Since the block is large enough, good cache locality and simd optimizations are possible.
Blocks are also well compressed when writing to a file. Each block is compressed separately before being written to a file. When reading a single compressed block is loaded from file and unpacked to memory. Compression is very important not only for saving disk space, but also for performance. IO operations are slow, and the fewer bytes you have to read from disk, the higher the performance. The cost of unpacking in the case of lz4 is fully recouped by reducing the disk read time

5 Likes

So theoretically, depending on hardward and data size, 2^16 may or may not be the “optimal” chunk size. But it is definitely better than everything in one chunk or one row per chunk

1 Like

Yes. The optimal chunk depends on the hardware and the requests you plan to make. In DataFrameDBs you can specify block_size on table creation. 2^16 is default. I take it from ClickHouse defaults and maybe it’s too small. Because of ClickHouse run each request in several threads and at the same time can execute several requests, so memory limit for each thread is small. In DataFrameDBs, which run in one thread locally memory limit is bigger

This looks very cool! Please reach out if you need any help hooking up to OnlineStats!

1 Like

does this package try to be something like JuliaDB?

To be honest, I don’t really understand the JuliaDB philosophy :frowning:

Rather something like ClickHouse without network interface on pure Julia. I.e. persistent relational DB with optimizations to do requests directly on disk storage.

4 Likes

I tried to import a large data set using the code:

using DataFrameDBs, CSV

t = create_table("trial", from = CSV.Rows("opprcd2018.csv", reuse_row=true), show_progress=true)

but get the error message:

ERROR: MethodError: no method matching findfirst(::Char, ::SubString{String})
Closest candidates are:
  findfirst(::Function, ::Union{AbstractString, AbstractArray}) at array.jl:1742
  findfirst(::Function, ::Any) at array.jl:1735
  findfirst(::AbstractString, ::AbstractString) at strings/search.jl:104

Can you show me full error trace?

findfirst(ch::AbstractChar, string::AbstractString)

  Find the first occurrence of character ch in string.

  │ Julia 1.3
  │
  │  This method requires at least Julia 1.3.

You have version 1.2?

(Just a remark)
If you do get a really nice API, which seems like where this is going, it might be great to decouple the interface from specifically DataFrames.jl and be able to serve all Tables.jl compatible containers.

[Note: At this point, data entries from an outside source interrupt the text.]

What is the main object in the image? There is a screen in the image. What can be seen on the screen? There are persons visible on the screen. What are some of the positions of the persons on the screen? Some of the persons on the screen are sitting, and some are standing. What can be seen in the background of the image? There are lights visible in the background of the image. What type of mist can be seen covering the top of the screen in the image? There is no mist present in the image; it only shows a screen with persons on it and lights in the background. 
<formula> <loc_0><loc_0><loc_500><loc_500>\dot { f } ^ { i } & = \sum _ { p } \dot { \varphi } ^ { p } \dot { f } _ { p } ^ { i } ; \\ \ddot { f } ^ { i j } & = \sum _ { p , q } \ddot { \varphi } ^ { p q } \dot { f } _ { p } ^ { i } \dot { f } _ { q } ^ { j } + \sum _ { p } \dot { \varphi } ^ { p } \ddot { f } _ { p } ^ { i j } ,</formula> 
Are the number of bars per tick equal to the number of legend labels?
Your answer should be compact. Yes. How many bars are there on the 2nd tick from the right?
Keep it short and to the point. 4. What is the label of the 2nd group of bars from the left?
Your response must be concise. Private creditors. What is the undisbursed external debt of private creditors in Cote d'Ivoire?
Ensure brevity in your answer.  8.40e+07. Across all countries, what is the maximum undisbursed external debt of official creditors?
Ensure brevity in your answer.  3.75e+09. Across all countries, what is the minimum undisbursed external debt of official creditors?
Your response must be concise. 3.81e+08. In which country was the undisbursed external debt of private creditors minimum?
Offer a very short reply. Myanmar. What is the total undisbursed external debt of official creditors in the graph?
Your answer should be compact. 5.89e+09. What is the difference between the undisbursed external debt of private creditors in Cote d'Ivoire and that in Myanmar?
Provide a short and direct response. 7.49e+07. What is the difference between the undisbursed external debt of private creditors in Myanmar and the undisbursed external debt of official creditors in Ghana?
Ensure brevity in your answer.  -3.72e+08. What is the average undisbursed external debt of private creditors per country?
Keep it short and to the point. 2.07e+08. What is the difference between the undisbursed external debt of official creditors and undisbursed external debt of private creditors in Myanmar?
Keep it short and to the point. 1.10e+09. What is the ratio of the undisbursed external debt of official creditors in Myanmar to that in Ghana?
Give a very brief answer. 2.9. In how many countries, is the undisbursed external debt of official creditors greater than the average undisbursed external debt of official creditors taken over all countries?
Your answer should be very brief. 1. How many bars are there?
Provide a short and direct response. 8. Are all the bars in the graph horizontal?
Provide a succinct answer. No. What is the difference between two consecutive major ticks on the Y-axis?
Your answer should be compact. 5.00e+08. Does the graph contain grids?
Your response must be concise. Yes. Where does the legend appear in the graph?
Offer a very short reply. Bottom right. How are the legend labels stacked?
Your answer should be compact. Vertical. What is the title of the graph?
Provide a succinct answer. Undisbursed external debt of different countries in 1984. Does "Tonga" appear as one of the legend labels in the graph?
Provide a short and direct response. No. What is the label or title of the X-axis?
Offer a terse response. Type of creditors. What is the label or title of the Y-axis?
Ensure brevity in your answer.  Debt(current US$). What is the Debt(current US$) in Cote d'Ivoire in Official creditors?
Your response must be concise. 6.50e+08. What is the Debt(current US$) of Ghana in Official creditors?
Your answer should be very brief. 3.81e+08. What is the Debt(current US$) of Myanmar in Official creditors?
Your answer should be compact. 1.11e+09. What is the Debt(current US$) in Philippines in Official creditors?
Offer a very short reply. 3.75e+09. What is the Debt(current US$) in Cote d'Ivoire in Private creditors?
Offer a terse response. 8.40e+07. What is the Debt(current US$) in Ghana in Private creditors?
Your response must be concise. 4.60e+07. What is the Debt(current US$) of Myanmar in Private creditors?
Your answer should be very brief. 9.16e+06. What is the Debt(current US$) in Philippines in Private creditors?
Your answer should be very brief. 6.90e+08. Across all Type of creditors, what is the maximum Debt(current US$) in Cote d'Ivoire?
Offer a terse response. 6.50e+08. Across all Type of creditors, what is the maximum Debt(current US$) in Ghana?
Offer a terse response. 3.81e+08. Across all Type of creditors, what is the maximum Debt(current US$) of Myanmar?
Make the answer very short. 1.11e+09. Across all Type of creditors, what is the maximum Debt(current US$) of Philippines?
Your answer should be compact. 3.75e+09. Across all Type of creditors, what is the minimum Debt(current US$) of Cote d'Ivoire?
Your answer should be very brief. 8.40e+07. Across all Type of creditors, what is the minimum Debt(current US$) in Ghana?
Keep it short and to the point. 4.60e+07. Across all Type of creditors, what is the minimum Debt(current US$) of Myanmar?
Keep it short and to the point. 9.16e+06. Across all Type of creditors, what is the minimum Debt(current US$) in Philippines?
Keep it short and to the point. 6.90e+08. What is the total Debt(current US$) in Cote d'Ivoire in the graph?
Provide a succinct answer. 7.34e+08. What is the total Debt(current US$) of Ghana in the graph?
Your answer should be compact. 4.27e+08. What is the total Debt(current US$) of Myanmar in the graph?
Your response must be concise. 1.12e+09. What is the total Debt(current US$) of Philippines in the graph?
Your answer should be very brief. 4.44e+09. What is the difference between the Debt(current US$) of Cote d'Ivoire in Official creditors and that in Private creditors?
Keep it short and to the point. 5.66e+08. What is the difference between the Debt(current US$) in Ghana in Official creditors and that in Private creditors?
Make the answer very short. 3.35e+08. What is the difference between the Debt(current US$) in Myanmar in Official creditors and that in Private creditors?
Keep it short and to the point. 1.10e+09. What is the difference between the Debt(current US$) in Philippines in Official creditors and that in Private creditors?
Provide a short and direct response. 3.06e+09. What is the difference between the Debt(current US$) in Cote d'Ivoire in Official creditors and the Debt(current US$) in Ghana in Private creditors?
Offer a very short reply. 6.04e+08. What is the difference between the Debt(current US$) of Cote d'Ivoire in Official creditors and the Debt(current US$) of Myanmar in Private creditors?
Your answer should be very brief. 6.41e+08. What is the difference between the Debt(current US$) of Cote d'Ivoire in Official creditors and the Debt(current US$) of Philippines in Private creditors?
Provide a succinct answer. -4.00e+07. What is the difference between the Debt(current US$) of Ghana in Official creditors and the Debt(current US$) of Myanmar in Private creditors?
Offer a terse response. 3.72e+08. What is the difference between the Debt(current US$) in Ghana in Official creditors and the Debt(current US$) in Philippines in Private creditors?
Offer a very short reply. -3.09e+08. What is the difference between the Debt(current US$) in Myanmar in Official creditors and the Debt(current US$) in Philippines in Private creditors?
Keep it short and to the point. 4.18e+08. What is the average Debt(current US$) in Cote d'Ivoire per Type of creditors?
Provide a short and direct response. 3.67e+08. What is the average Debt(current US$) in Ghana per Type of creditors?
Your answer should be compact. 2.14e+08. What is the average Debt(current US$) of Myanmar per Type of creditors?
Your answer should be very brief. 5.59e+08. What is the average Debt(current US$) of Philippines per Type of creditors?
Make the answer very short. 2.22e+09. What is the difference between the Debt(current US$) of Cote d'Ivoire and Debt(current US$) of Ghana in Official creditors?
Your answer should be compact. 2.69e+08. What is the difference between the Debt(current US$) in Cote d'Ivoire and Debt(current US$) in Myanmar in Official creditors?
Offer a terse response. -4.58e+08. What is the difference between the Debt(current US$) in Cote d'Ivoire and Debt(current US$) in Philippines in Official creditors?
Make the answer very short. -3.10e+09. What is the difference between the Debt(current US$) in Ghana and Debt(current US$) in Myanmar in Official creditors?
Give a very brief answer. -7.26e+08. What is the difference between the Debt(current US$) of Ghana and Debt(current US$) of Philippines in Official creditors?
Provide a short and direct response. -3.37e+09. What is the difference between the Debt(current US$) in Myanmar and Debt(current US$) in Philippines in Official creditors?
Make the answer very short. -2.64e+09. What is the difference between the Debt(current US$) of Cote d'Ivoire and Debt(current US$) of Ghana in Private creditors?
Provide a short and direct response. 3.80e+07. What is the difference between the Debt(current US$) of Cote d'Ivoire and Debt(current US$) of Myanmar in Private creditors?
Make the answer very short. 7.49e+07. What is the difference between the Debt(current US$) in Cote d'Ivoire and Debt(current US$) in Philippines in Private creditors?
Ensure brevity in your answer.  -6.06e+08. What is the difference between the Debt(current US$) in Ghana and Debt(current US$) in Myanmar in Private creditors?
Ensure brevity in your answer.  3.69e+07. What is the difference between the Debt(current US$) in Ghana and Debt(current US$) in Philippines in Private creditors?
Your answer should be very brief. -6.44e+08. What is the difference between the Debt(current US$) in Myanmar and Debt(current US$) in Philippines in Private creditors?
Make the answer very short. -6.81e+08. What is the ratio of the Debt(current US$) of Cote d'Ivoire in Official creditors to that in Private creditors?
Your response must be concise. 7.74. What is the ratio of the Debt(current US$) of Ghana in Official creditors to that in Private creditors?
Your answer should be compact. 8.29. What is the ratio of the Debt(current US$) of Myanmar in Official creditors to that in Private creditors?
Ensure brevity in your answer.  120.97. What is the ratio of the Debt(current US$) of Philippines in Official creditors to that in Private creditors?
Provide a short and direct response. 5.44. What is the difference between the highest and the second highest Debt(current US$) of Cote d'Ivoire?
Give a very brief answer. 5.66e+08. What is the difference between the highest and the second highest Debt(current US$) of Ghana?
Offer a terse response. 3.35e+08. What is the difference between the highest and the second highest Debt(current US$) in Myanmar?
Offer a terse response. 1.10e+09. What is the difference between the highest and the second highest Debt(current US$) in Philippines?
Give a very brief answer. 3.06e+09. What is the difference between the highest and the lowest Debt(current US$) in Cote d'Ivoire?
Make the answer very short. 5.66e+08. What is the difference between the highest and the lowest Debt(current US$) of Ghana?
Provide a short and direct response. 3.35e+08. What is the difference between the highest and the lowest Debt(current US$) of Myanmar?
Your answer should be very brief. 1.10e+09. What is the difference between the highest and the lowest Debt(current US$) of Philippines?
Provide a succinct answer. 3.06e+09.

What do you have in mind? Now any container, that support Tables.schema and Tables.rows can be imported to DataFrameDBs. DataFrame is using as default materialization of views. Make DataFrameDBs itself support the Tables interface is one of my TODOs

1 Like

Awesome!

Just a little nitpick: the past tense of to read is read not readed. Otherwise great work!

1 Like

there are many such special cases in English

If studying Julia will advance me in learning English, then this will be an excellent result. :slight_smile:

4 Likes

yes, i am using julia 1.2

If it’s critical, than I can try to make it compatible with 1.2

that would be great!

Ok. I originally wrote it in 1.3 and didn 't track what features are supported in 1.2. findfirst is a small thing, and if there is no another critical features that requires 1.3, then I will soon add support for 1.2

Now master should work with 1.2.
If you test this with your data sets and let me know about the problems, it will be very cool. And it will greatly help further development. I apologize in advance for any errors that may occur - the package is quite complex and there may be many different unrecorded problems.